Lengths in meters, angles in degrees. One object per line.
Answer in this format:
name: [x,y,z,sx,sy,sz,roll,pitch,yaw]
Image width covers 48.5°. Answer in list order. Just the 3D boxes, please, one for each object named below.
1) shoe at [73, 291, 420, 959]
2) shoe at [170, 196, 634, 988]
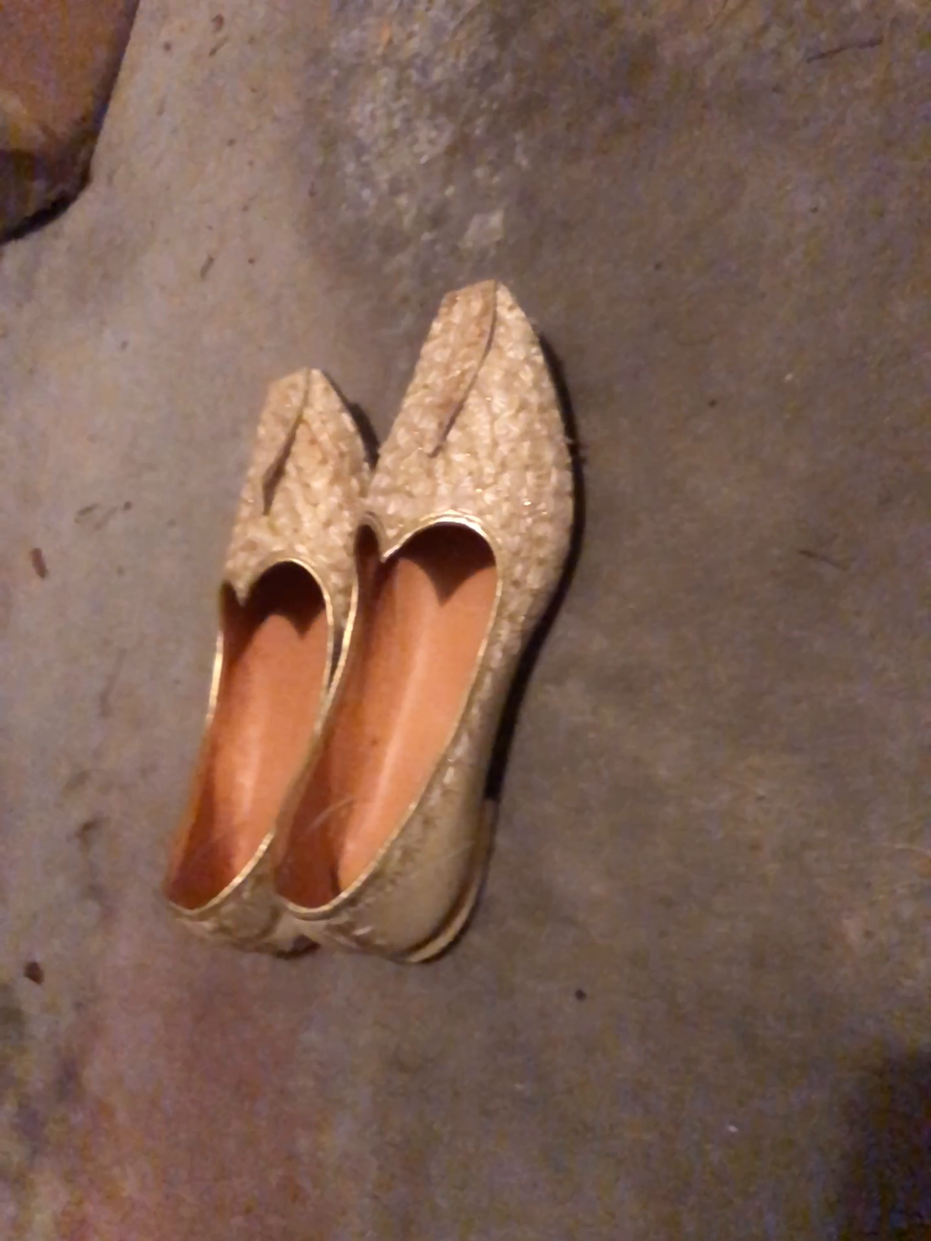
shoe: [-0.094,0.005,0.470,0.104,0.073,0.275,-10,68,40]
shoe: [-0.023,-0.011,0.407,0.104,0.073,0.275,4,78,44]
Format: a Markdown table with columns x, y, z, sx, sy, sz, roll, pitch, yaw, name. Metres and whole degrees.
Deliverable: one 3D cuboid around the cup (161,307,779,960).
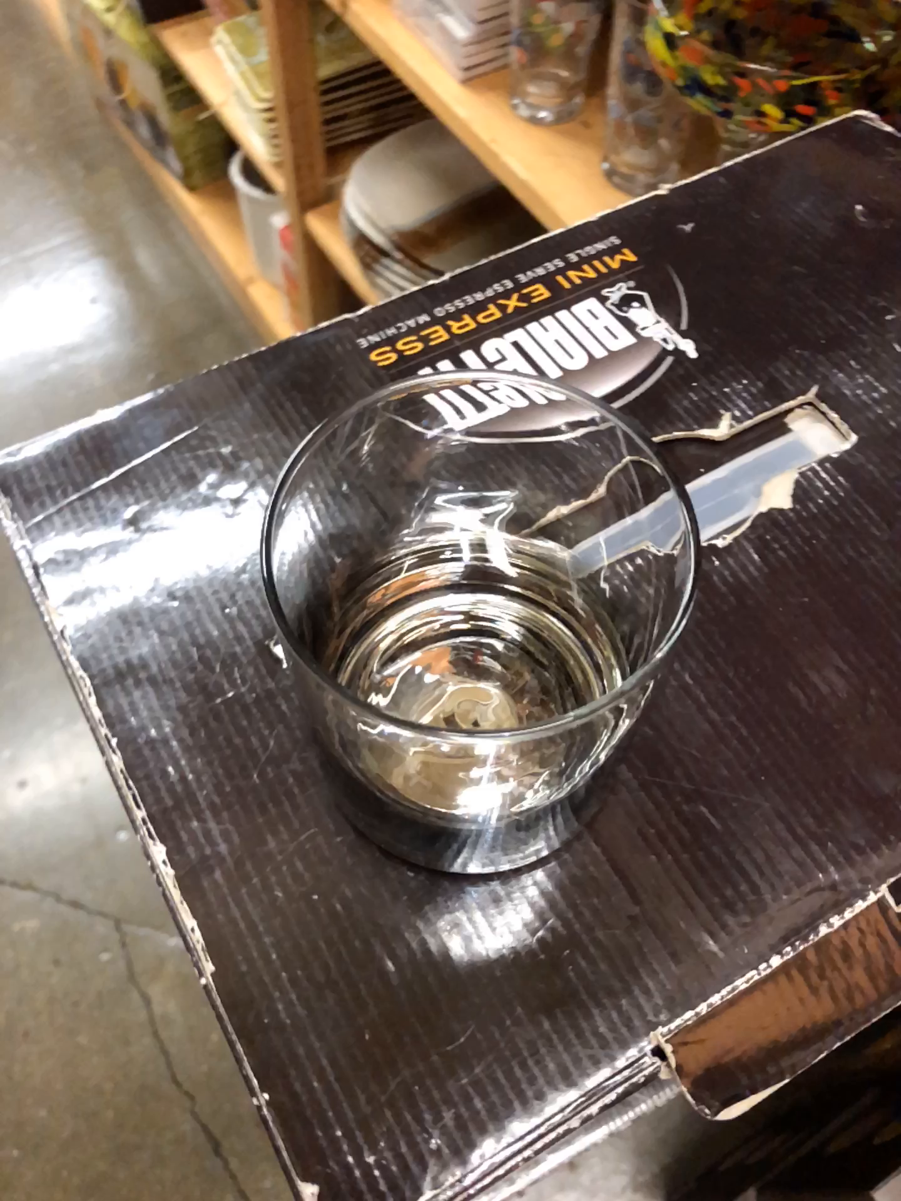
☆ ☆ ☆ ☆ ☆ ☆ ☆
### The task
In the records, the line containing "Format: a Markdown" starts the span and the final line ends it. Output exactly that span, both ends included, with no pictures and nothing else.

### Exercise solution
Format: a Markdown table with columns x, y, z, sx, sy, sz, roll, pitch, yaw, name. Metres and whole degrees.
Deliverable: one 3D cuboid around the cup (161,307,779,960).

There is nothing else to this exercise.